I Wrapped Her in Ribbons (After Ibiza)
As this number comes in as an up-tempo folk piece, it feels almost like an extension of the previous bit. The cut works forward with some psychedelia and a bit of a classical edge in the mix.
Song to the City
The song proper on this is very much a pure folk rock arrangement. In fact, it doesn't move far from that, but there are some bits of exploration in the mix. There is a very classical bit at the end.
March of the Mad Duke's Circus
The psychedelic music that starts this makes me think of Jefferson Airplane a bit. Some hints of classical emerge at times, and the cut has some folk music based parts, too. This is actually quite dynamic with different sections bringing different influences and sounds.
CD Two
Sunshine and Shadows

Psychedelic rock and folk music are driving factors on this up-tempo piece.

I Was Once
There are some hints of other things here, but overall this is a hard rocking psychedelic stomper that feels a bit like Jefferson Airplane meets H.P. Lovecraft (the band not the writer).
Temporary Serenade
Acoustic guitar opens this cut. We're taken into a dreamy kind of folk ballad. It has jazzy, classical elements built in over the top of it.
She Promises Everything
This is another folk meets psychedelia type of number. It's classy, but not a big change.
Well, Well, Well
More of a real rocker, psychedelia merges with jazz elements and a lot more on this killer tune. It has a great arrangement and the guitar weaves some great lines with a cool fuzz sound.
You Had Better Listen
The horns bring some definite jazz to this powerhouse instrumental. This is part "Tequila" and part progressive rock meets jazz rock. It's a smoking hot tune that works very well.
Round Once Again
Folk music, psychedelia and some jazzy horns make up the concept here. This piece has a good amount of proto-prog built into it. It's particularly effective, too.
Walk on the Sand
I like the moving groove on this cut. There is plenty of jazz in the mix here. That's true from the guitar chording to the horns. Yet, this has a healthy helping of psychedelia and folk music, too. I really love the fast paced acoustic guitar soloing on this, too.
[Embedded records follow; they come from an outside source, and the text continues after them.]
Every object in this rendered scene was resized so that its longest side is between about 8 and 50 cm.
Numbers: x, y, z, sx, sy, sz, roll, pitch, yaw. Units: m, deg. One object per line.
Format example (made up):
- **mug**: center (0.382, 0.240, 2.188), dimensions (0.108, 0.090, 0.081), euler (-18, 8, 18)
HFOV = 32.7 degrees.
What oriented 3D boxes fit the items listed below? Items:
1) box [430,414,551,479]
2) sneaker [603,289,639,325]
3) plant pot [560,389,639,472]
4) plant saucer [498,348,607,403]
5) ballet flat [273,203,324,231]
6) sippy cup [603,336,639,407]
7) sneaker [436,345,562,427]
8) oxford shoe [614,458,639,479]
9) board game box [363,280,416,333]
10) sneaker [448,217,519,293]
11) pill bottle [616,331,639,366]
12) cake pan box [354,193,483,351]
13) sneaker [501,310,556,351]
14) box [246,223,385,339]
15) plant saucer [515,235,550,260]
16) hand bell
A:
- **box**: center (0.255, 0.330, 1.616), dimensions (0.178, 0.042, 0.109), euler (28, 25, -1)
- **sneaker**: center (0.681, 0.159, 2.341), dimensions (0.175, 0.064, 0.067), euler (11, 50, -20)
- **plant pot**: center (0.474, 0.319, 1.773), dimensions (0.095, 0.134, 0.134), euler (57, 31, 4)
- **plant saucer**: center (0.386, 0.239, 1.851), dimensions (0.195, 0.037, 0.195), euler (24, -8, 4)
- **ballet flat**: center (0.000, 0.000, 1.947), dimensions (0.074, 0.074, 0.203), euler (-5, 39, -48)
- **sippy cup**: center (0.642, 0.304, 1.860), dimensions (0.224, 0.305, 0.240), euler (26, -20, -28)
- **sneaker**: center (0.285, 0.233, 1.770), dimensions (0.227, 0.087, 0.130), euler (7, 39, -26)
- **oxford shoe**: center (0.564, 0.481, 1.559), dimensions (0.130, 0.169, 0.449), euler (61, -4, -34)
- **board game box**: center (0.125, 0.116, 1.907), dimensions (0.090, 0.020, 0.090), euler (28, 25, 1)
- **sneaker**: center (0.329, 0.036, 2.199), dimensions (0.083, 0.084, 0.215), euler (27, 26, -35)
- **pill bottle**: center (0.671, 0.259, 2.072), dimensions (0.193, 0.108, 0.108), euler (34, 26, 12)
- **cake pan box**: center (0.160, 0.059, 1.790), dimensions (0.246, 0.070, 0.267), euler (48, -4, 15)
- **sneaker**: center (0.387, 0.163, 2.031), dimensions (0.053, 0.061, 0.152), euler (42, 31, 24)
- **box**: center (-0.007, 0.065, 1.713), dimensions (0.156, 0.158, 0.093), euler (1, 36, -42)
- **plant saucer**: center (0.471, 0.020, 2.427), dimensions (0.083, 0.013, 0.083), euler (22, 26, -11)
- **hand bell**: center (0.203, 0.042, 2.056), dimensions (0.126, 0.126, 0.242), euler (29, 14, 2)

This is one of my favorites of the set, really. It is also one of the longest cuts here.
This is probably the jazziest thing here. It has an old-school Dixieland kind of sound to it. It's fast paced, bouncy and so much fun. In fact, this is probably my favorite tune of the whole double-disc set.
Please Don't Go Now
I love the folk rock arrangement that leads this thing out of the gate. There is a real drama and magic to the cut, but the vocal arrangement has some rough spots for me. There are some jazzy things that come into the song later, largely from the horns.